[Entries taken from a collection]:
——————————
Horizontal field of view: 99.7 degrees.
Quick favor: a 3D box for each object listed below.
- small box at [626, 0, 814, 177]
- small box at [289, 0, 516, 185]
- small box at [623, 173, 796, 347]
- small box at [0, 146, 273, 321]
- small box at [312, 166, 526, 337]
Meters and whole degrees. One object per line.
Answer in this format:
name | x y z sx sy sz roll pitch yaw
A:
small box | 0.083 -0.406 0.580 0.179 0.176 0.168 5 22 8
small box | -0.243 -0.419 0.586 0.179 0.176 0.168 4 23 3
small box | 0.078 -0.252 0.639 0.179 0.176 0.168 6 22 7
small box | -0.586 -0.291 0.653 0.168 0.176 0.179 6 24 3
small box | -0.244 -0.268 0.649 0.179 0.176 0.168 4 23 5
——————————
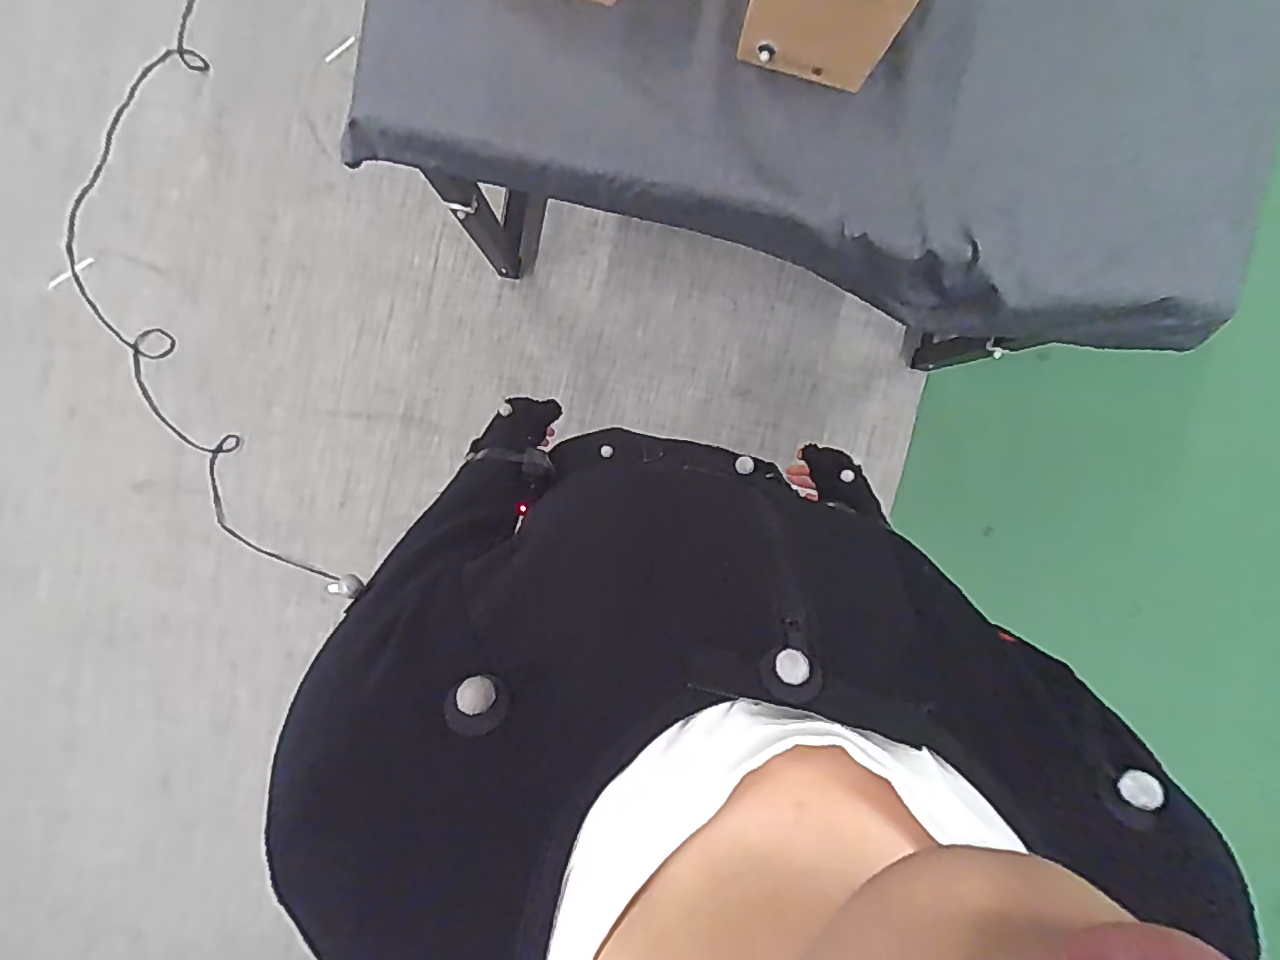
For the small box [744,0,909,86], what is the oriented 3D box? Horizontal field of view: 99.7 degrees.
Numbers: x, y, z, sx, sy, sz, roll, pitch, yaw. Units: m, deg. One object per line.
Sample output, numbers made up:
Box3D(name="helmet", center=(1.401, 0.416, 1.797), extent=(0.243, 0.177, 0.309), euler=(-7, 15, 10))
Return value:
——————————
[Your goal]:
Nothing should appear in the answer except the lines above from the line with "Quick favor: a" through the line with "name | x y z sx sy sz roll pitch yaw", both included, written out exactly.

[Exercise output]:
Quick favor: a 3D box for each object listed below.
- small box at [626, 0, 814, 177]
- small box at [289, 0, 516, 185]
- small box at [623, 173, 796, 347]
- small box at [0, 146, 273, 321]
- small box at [312, 166, 526, 337]
Meters and whole degrees. One object per line.
Answer in this format:
name | x y z sx sy sz roll pitch yaw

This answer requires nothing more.